Dernier avatar vidéoludique d’une franchise adulée des amateurs de wargames, Warhammer 40k: Shootas, Blood and Teef a déboulé le 20 octobre dernier sur toutes les plateformes du marché à l’initiative des développeurs de Rogueside. Sa reconversion sur le tard en trépidant run’n’gun, saura-t-elle convaincre les joueurs qui peuvent désormais s’y adonner, en ligne ou localement, jusqu’à 4 simultanément ? À vos flingues, prêts ? … WAAAAAAAAAGH !!!
Petit tour d’horizon
1987. Issu de l’imagination fertile du concepteur britannique Rick Priestley œuvrant alors pour le compte de Games Workshop, un jeu de stratégie fait sensation : Warhammer 40K, consistant à se constituer une armée de figurines à peindre et à collectionner afin d’à coups de dés, écraser son adversaire. Forte de son succès, la licence n’a depuis lors eu de cesse d’accueillir extensions, rééditions et déclinaisons à la pelle sur Pc et machines de salon.
Il faut dire que son lore dystopique drôlement fourni, assorti d’un sous-texte pamphlétaire relatif à nos guerres modernes, se prête à toutes les excentricités. Votre terrain de jeu ? L’Univers, excusez du peu, que l’humanité suffisamment avancée technologiquement, s’est mis en tête de coloniser sous l’égide de l’Empereur-Dieu, dont la parole et les troupes font loi en ce 40ème millénaire face au Chaos, ses suppôts et des Xenos rarement coopératifs – terme fourre-tout visant à qualifier l’ensemble des races extraterrestres.
Plus spécifiquement, cette nouvelle itération traite de l’offensive sur la planète Luteus, d’une faction Ork convoitant le précieux carburant – en ce moment, on les comprend – dont jouissent impunément les colons terriens, impulsée par l’Ogruk – ou big boss, dans l’jargon – Grutekka. À bord de l’avion depuis lequel les séditieux canardent allègrement les Impériaux – miam, des humains tout frais -, l’impitoyable chef de guerre – Grutekka, donc- qui ne manque décidément pas de toupet, commet l’irréparable en s’emparant par la force de l’adorable Squig poilu – une sorte de perruque honorifique, rassurez-vous – qu’arbore le valeureux Gargaz Teefgrabba, avant d’expulser sa carcasse hors de la carlingue.
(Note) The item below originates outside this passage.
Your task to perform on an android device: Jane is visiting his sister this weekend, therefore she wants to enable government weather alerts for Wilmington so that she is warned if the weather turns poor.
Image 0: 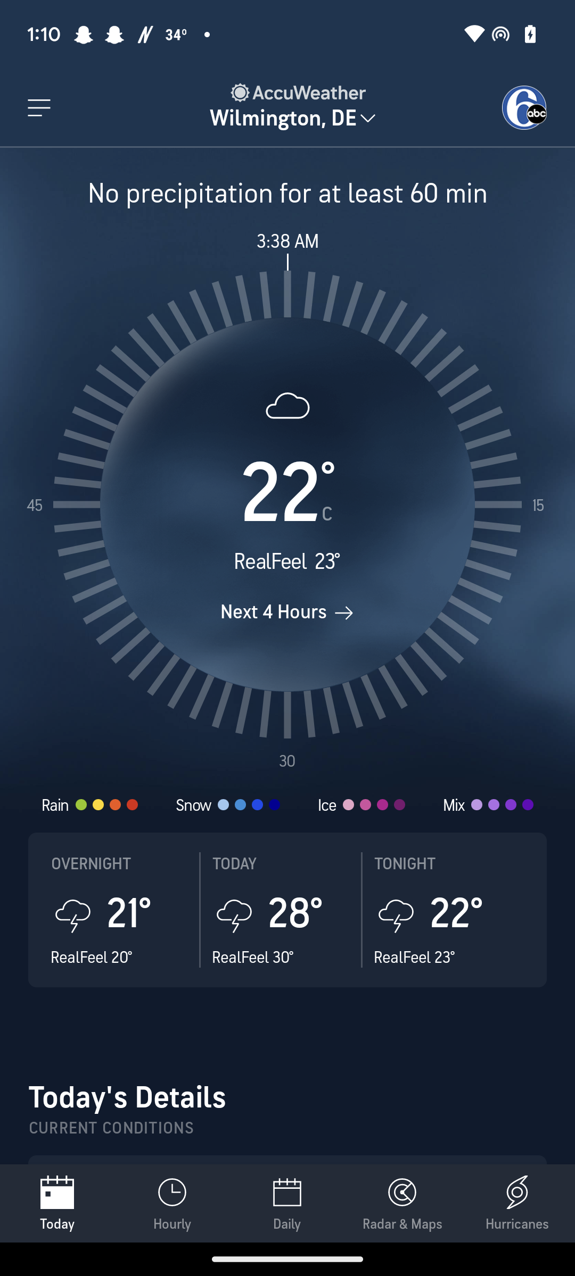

Le pauvre hère, que nous incarnons, n’aspire dorénavant plus qu’à se venger de l’immonde pourceau… quitte à casser des gueules. L’Ork, ce fin tacticien.
Sitôt dit, sitôt fait, nous cassons des gueules, prenons le contrôle d’une base arrière de nos congénères préétablis sur la planète, cassons des gueules, chapardons un aéronef humain – avec le plein, s’il-vous-plaît -, et nous élançons finalement dans l’espace sur les traces du voleur de scalp… où, bien sûr, nous ne manquerons pas de casser des gueules : unités impériales, Space Marines (des soldats génétiquement modifiés entièrement dévoués à l’Empereur-Dieu) et Snotlings (les petites mains des Orks, pas chère la chair à canon), entre autres adeptes du culte de Genestealer (des Tyranides, aberrations aliens susceptibles de muter en armes, vaisseaux ou véhicules selon les besoins de la ruche).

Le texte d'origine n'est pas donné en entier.